** Records for processing follows **

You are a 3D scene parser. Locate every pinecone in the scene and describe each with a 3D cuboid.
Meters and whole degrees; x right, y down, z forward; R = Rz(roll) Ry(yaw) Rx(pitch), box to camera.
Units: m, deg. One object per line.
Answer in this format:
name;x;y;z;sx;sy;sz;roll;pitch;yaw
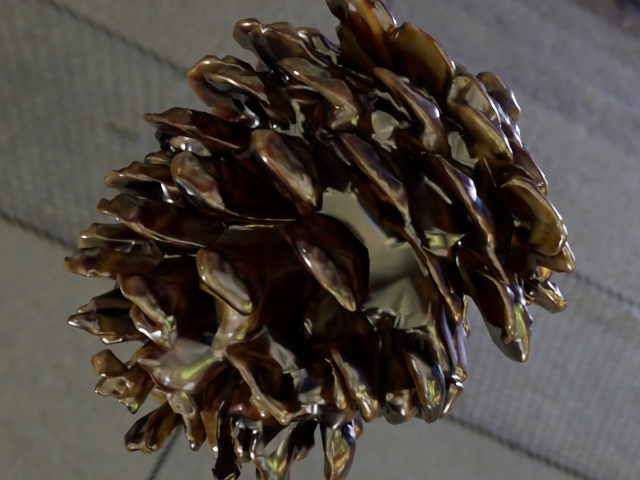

** End of Records for processing **

#### The problem:
Every record should be duplicated exactly, though any picture in it must be left out.

#### Result of the task:
You are a 3D scene parser. Locate every pinecone in the scene and describe each with a 3D cuboid.
Meters and whole degrees; x right, y down, z forward; R = Rz(roll) Ry(yaw) Rx(pitch), box to camera.
Units: m, deg. One object per line.
Answer in this format:
name;x;y;z;sx;sy;sz;roll;pitch;yaw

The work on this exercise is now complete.